I stared at the engine, uncertain whether he was serious.  He could have been psychotic, or neurotic, one of them, I’m never sure.  He turned towards me, his face now only inches from my own.  I realised he wore spectacles and it struck me as strange that I hadn’t noticed them before.  Underneath his beard his face was tanned, not overly, but he had a weatherworn skin that actively defied any attempt to age him.  There was something, I don’t quite know what, but there was something in his eyes.  Was he mocking me?  I felt uneasy and I realised that he hadn’t blinked.  I don’t know why I noticed that.  Why should I notice that?  He turned back to the engine and pulled enthusiastically at a wire that might just have been very important.

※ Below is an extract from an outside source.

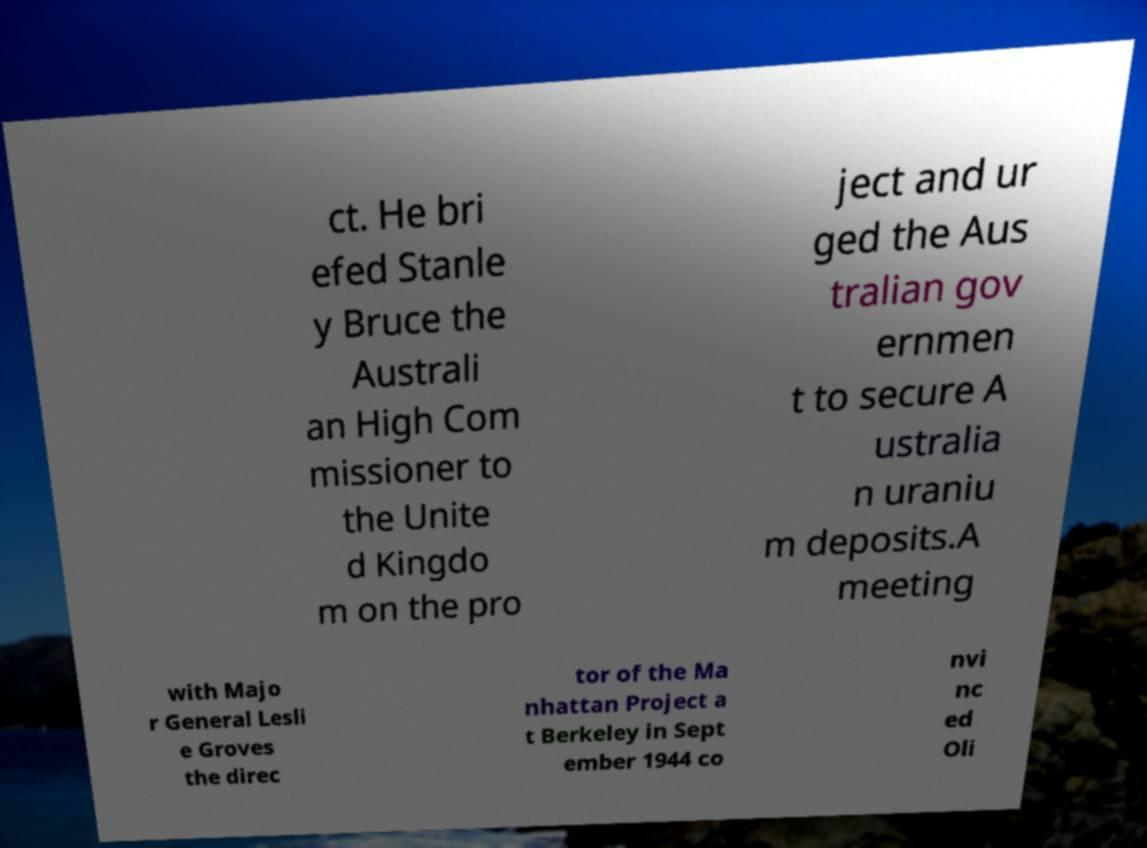Could you extract and type out the text from this image? ct. He bri efed Stanle y Bruce the Australi an High Com missioner to the Unite d Kingdo m on the pro ject and ur ged the Aus tralian gov ernmen t to secure A ustralia n uraniu m deposits.A meeting with Majo r General Lesli e Groves the direc tor of the Ma nhattan Project a t Berkeley in Sept ember 1944 co nvi nc ed Oli 
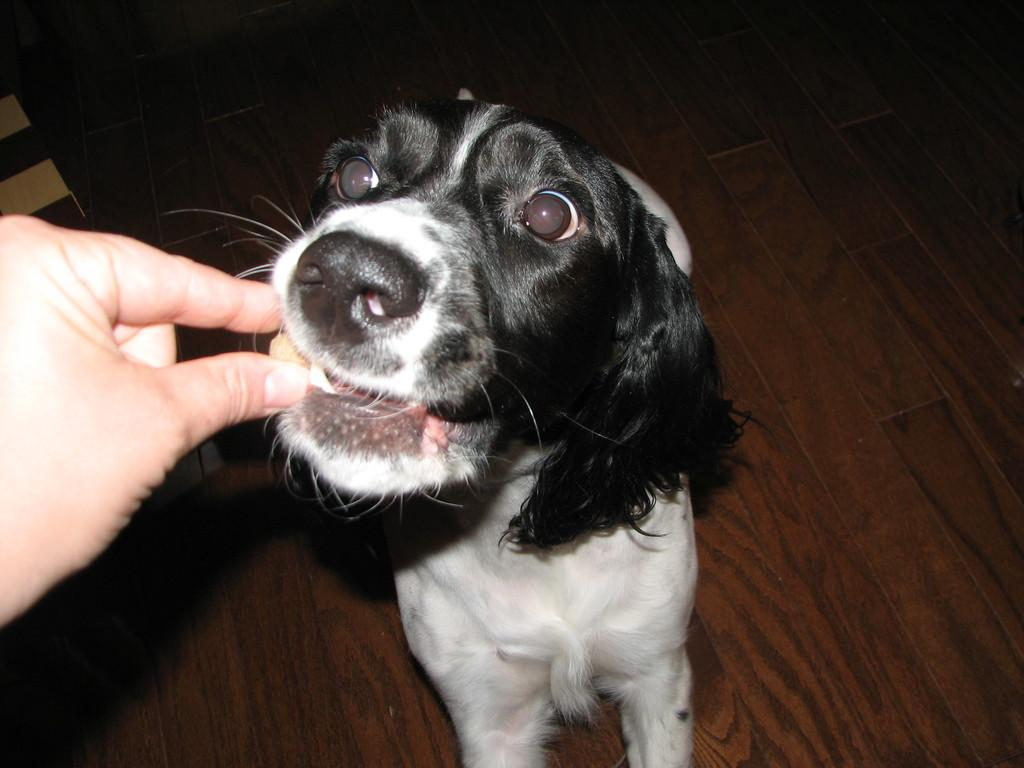What is happening in the image? There is a person in the image who is feeding a dog. What surface is visible in the image? There is a floor visible in the image. How many girls are laughing on the bed in the image? There are no girls or beds present in the image.

“I don’t know too much about cars,” I said, “but I don’t think you want to go pulling too many of those.”
He grinned, suddenly and fleetingly and I wondered whether I had imagined it.
“Don’t worry,” he said, “I know I’ll never find it, but it’s important that they think I’m looking.”
He shook his head in a theatrical way and eased himself upright.  I followed and he closed the bonnet.
“I don’t drive as much as I used to.  Don’t seem to have much of a place to go these days.”  We lapsed into silence again.
“Well,” he said, wiping his hands on his trousers.
“Yes,” I said.  “Well…”
He held out his hand and I shook it.  “Better be going, I suppose,” he said.
“You have oil on your nose.”  I pointed and he wiped across his face with his sleeve.  The oil spread further, the stain became paler. 
“OK?” he said.
“OK.”
I continued on my way and he wandered off across the road ahead, when a thought struck me.
“Your car,” I shouted after him.
“My car?”
“Your car, you haven’t locked it.”
I could see the amusement bubbling across his face as he slowly turned away.  “Don’t worry,” he said.  “It’s not my car.”